No145.移転価格税制って何?
「移転価格による追徴金00億!」っていうような記事が、たま~に日経新聞に掲載されたりしますよね?
新聞に出るのは・・だいぶ後になってからなんですが(笑)
今回は、国際税務でも最重要論点、「移転価格税制」の概要をまとめます。
移転価格の問題は、大企業だけの話ではありませんよ!ベンチャー企業でも、海外に進出する際はちゃんとしておかないと・・えらい目にあいますので!
1. 移転価額税制って何?
法人が、国外取引を行う際の価格について規制する制度です。
前回のタックスヘイブン対策税制と趣旨は同じですね。
日本から、税率が安い海外子会社に販売する価額を低く抑えると、利益のほとんどは海外で計上され、「全世界ベースでの税負担」が低くなります。
関係会社間の場合は、取引価格を自由に決めることもできてしまいます。
そこで、親子会社関係間などと取引をする場合、独立企業間価格(支配関係のない独立の第三者間で行われる取引価格)で行われたものとみなすことにより、所得の移転を制限する制度、それが移転価額税制です。
(例)
- 国内親会社仕入100 ⇒ 海外子会社に売却
(事例1 売却額100・事例2 売却額300) - 海外子会社 ⇒ エンドユーザーに500で売却
- 為替は無視
日本親会社が100で仕入れ、海外子会社を通じて500で販売する場合、グループ全体での利益は400となります。
しかし、親子間の取引価格が100か300かの違いにより、親子それぞれの利益が変わってきます。
つまり、親子間の取引価格を調整することにより、意図的な租税回避が可能ですよね。
これに歯止めをかける制度が「移転価格税制」なんです。
2. 適用対象(納税義務者)
(1) 納税義務者
日本で法人税の納税義務を負う法人です。個人は含まれませんが、法人規模の要件はありませんので「ベンチャー企業」でも対象となります。
また、「租税回避の意図」は関係ありません。
つまり、大半の企業は租税回避の意図はない・・にもかかわらず「多額の課税」があるので怖い制度なんです。
(2) 適用対象取引
以下に該当する「国外関連取引」です
- 法人と国外関連者間で行われる棚卸資産の購入販売・役務提供、技術提供等にかかる取引 かつ
- 対価の額が独立企業間価格に満たないor超える取引
3. 独立企業間価格って?
独立企業間価格とは、第三者間において「通常取引されるだろう価格」です。
算定方法は、独立価格比準法、再販売価格基準法、原価基準法(OECDガイドライン)などがあります。
しかし、実際・・この独立企業間価格の算定はかなり難しいですので、十分に検討したうえで「取引価格」を設定しなければなりません。
4. 課税額は?
「独立企業間価格」と「実際取引価格」との差額分が課税されます。
例えば、先ほどの事例1で、子会社への実際販売価額が100円、独立企業間価格が300円と算定された場合は、以下となります。
実際価額 | 独立企業間価格 | 差額 | 摘要 | |
---|---|---|---|---|
日本 | 100 | 300 | 200 | 日本で課税 |
海外 | 100 | 300 | △200 | 海外で還付 |
日本では、差額200につき追加課税が行われます。
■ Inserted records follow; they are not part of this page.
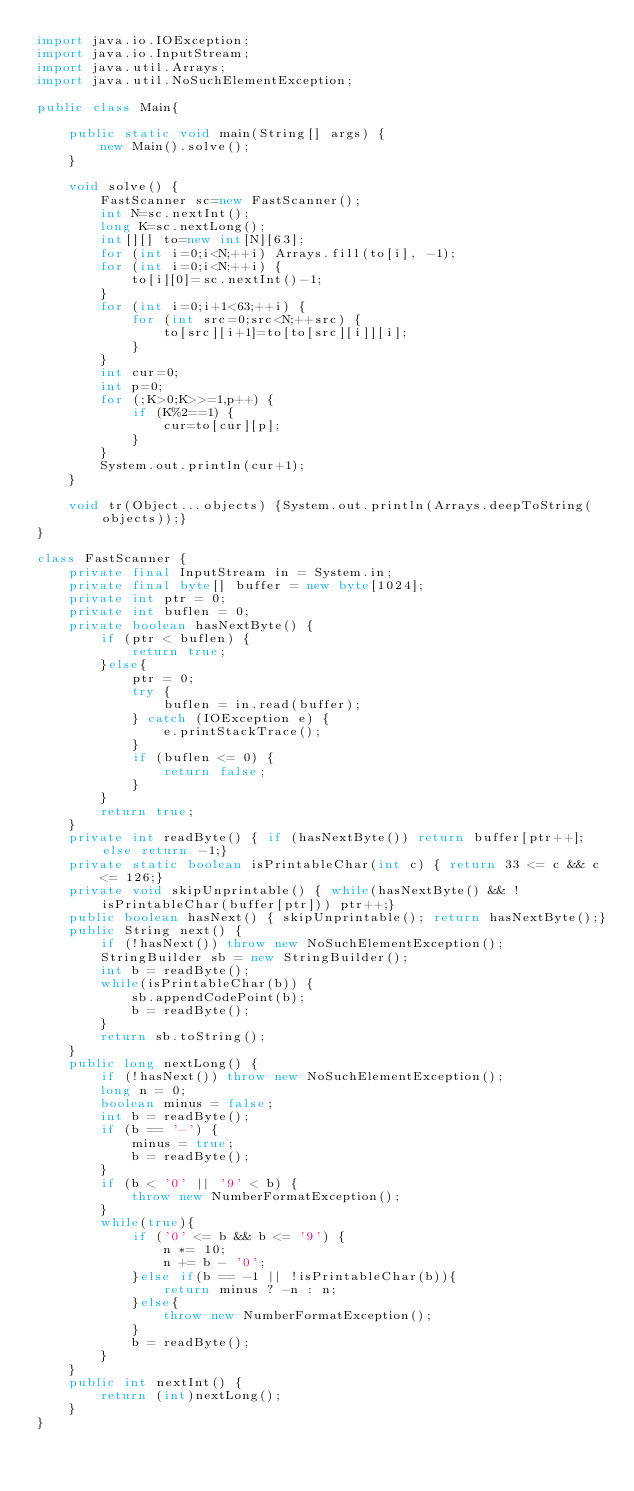Convert code to text. <code><loc_0><loc_0><loc_500><loc_500><_Java_>import java.io.IOException;
import java.io.InputStream;
import java.util.Arrays;
import java.util.NoSuchElementException;

public class Main{
	
	public static void main(String[] args) {
		new Main().solve();
	}
	
	void solve() {
		FastScanner sc=new FastScanner();
		int N=sc.nextInt();
		long K=sc.nextLong();
		int[][] to=new int[N][63];
		for (int i=0;i<N;++i) Arrays.fill(to[i], -1);
		for (int i=0;i<N;++i) {
			to[i][0]=sc.nextInt()-1;
		}
		for (int i=0;i+1<63;++i) {
			for (int src=0;src<N;++src) {
				to[src][i+1]=to[to[src][i]][i];
			}
		}
		int cur=0;
		int p=0;
		for (;K>0;K>>=1,p++) {
			if (K%2==1) {
				cur=to[cur][p];
			}
 		}
		System.out.println(cur+1);
	}
	
	void tr(Object...objects) {System.out.println(Arrays.deepToString(objects));}
}

class FastScanner {
    private final InputStream in = System.in;
    private final byte[] buffer = new byte[1024];
    private int ptr = 0;
    private int buflen = 0;
    private boolean hasNextByte() {
        if (ptr < buflen) {
            return true;
        }else{
            ptr = 0;
            try {
                buflen = in.read(buffer);
            } catch (IOException e) {
                e.printStackTrace();
            }
            if (buflen <= 0) {
                return false;
            }
        }
        return true;
    }
    private int readByte() { if (hasNextByte()) return buffer[ptr++]; else return -1;}
    private static boolean isPrintableChar(int c) { return 33 <= c && c <= 126;}
    private void skipUnprintable() { while(hasNextByte() && !isPrintableChar(buffer[ptr])) ptr++;}
    public boolean hasNext() { skipUnprintable(); return hasNextByte();}
    public String next() {
        if (!hasNext()) throw new NoSuchElementException();
        StringBuilder sb = new StringBuilder();
        int b = readByte();
        while(isPrintableChar(b)) {
            sb.appendCodePoint(b);
            b = readByte();
        }
        return sb.toString();
    }
    public long nextLong() {
        if (!hasNext()) throw new NoSuchElementException();
        long n = 0;
        boolean minus = false;
        int b = readByte();
        if (b == '-') {
            minus = true;
            b = readByte();
        }
        if (b < '0' || '9' < b) {
            throw new NumberFormatException();
        }
        while(true){
            if ('0' <= b && b <= '9') {
                n *= 10;
                n += b - '0';
            }else if(b == -1 || !isPrintableChar(b)){
                return minus ? -n : n;
            }else{
                throw new NumberFormatException();
            }
            b = readByte();
        }
    }
    public int nextInt() {
    	return (int)nextLong();
    }
}
</code> 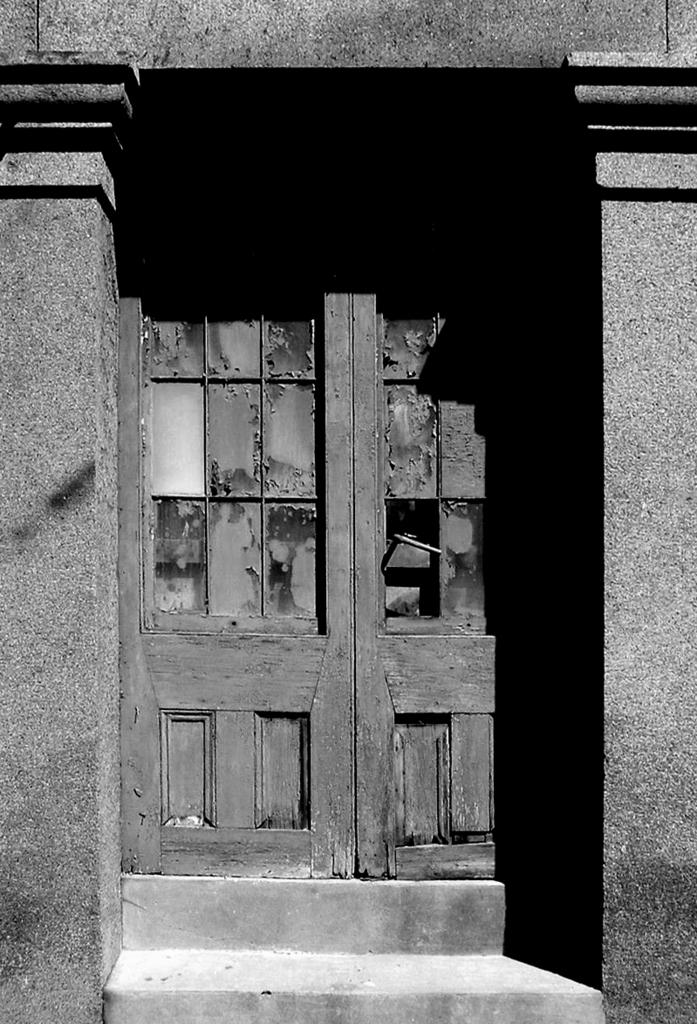What structures are located in the foreground of the image? There are pillars and a door in the foreground of the image. Can you describe the door in the image? The door is located in the foreground of the image. What type of ear can be seen on the giraffe in the image? There is no giraffe present in the image, so there is no ear to observe. 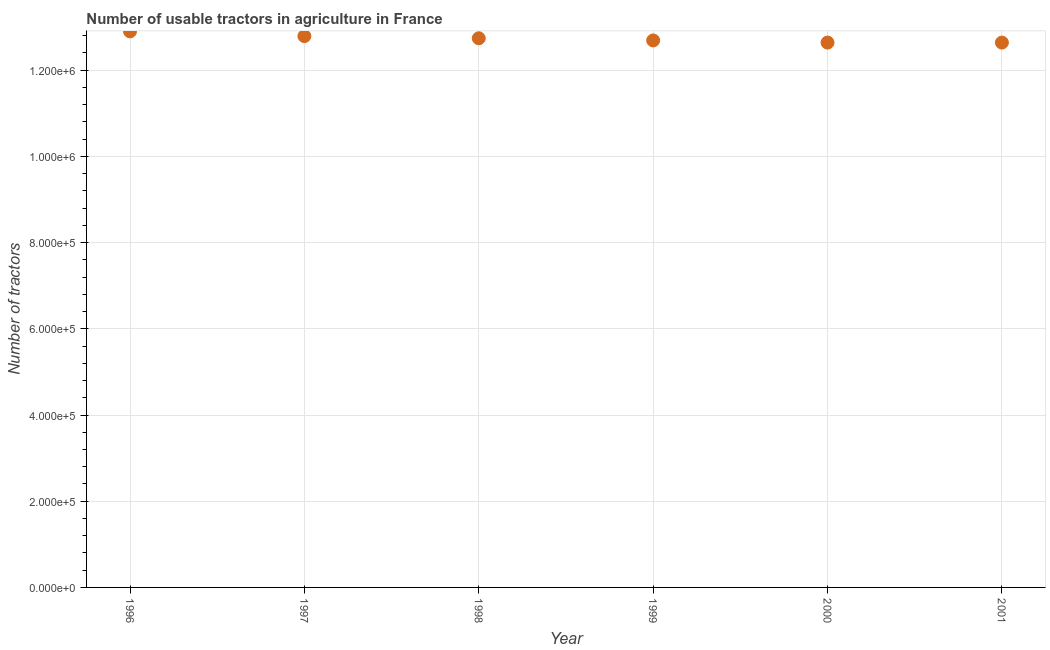What is the number of tractors in 1997?
Your answer should be very brief. 1.28e+06. Across all years, what is the maximum number of tractors?
Your answer should be very brief. 1.29e+06. Across all years, what is the minimum number of tractors?
Ensure brevity in your answer.  1.26e+06. In which year was the number of tractors minimum?
Your response must be concise. 2000. What is the sum of the number of tractors?
Make the answer very short. 7.64e+06. What is the difference between the number of tractors in 1996 and 1997?
Give a very brief answer. 1.10e+04. What is the average number of tractors per year?
Your response must be concise. 1.27e+06. What is the median number of tractors?
Your response must be concise. 1.27e+06. In how many years, is the number of tractors greater than 280000 ?
Offer a terse response. 6. What is the ratio of the number of tractors in 1999 to that in 2000?
Offer a very short reply. 1. What is the difference between the highest and the second highest number of tractors?
Offer a very short reply. 1.10e+04. What is the difference between the highest and the lowest number of tractors?
Your response must be concise. 2.60e+04. In how many years, is the number of tractors greater than the average number of tractors taken over all years?
Provide a succinct answer. 3. Does the number of tractors monotonically increase over the years?
Provide a short and direct response. No. Are the values on the major ticks of Y-axis written in scientific E-notation?
Offer a terse response. Yes. Does the graph contain grids?
Your response must be concise. Yes. What is the title of the graph?
Make the answer very short. Number of usable tractors in agriculture in France. What is the label or title of the Y-axis?
Offer a terse response. Number of tractors. What is the Number of tractors in 1996?
Give a very brief answer. 1.29e+06. What is the Number of tractors in 1997?
Offer a terse response. 1.28e+06. What is the Number of tractors in 1998?
Offer a terse response. 1.27e+06. What is the Number of tractors in 1999?
Offer a very short reply. 1.27e+06. What is the Number of tractors in 2000?
Provide a succinct answer. 1.26e+06. What is the Number of tractors in 2001?
Your answer should be very brief. 1.26e+06. What is the difference between the Number of tractors in 1996 and 1997?
Offer a terse response. 1.10e+04. What is the difference between the Number of tractors in 1996 and 1998?
Your response must be concise. 1.60e+04. What is the difference between the Number of tractors in 1996 and 1999?
Keep it short and to the point. 2.10e+04. What is the difference between the Number of tractors in 1996 and 2000?
Make the answer very short. 2.60e+04. What is the difference between the Number of tractors in 1996 and 2001?
Provide a succinct answer. 2.60e+04. What is the difference between the Number of tractors in 1997 and 1998?
Your answer should be compact. 5000. What is the difference between the Number of tractors in 1997 and 2000?
Your answer should be very brief. 1.50e+04. What is the difference between the Number of tractors in 1997 and 2001?
Your response must be concise. 1.50e+04. What is the difference between the Number of tractors in 1998 and 1999?
Your answer should be very brief. 5000. What is the difference between the Number of tractors in 1998 and 2001?
Your answer should be very brief. 10000. What is the difference between the Number of tractors in 1999 and 2000?
Provide a succinct answer. 5000. What is the difference between the Number of tractors in 1999 and 2001?
Your answer should be compact. 5000. What is the ratio of the Number of tractors in 1996 to that in 1998?
Offer a very short reply. 1.01. What is the ratio of the Number of tractors in 1996 to that in 2000?
Make the answer very short. 1.02. What is the ratio of the Number of tractors in 1997 to that in 1998?
Your answer should be compact. 1. What is the ratio of the Number of tractors in 1997 to that in 2001?
Provide a succinct answer. 1.01. What is the ratio of the Number of tractors in 1998 to that in 1999?
Offer a terse response. 1. What is the ratio of the Number of tractors in 1998 to that in 2000?
Provide a short and direct response. 1.01. What is the ratio of the Number of tractors in 1998 to that in 2001?
Your response must be concise. 1.01. What is the ratio of the Number of tractors in 1999 to that in 2000?
Ensure brevity in your answer.  1. What is the ratio of the Number of tractors in 1999 to that in 2001?
Provide a succinct answer. 1.

逆に、既に税金納付済の、海外子会社所在国では、税金を還付してもらうことが可能です。
しかし、実際は、自動的に還付が受けられるわけではありません。
現地当局が還付を認めてくれなければ、日本と海外で二重課税という問題が生じます。
5. 文書化
平成28年度税制改正により、「移転価格文書化資料」の作成が義務付けられました。
この資料は、「税務調査で追徴を受けない根拠」として重要な意味を持つだけでなく、文書作成プロセスの中で、自社にとって「適正な所得配分を検討」できるという意味でも、非常に有用な制度だと思います。
このあたりは、また改めて別のところでまとめます。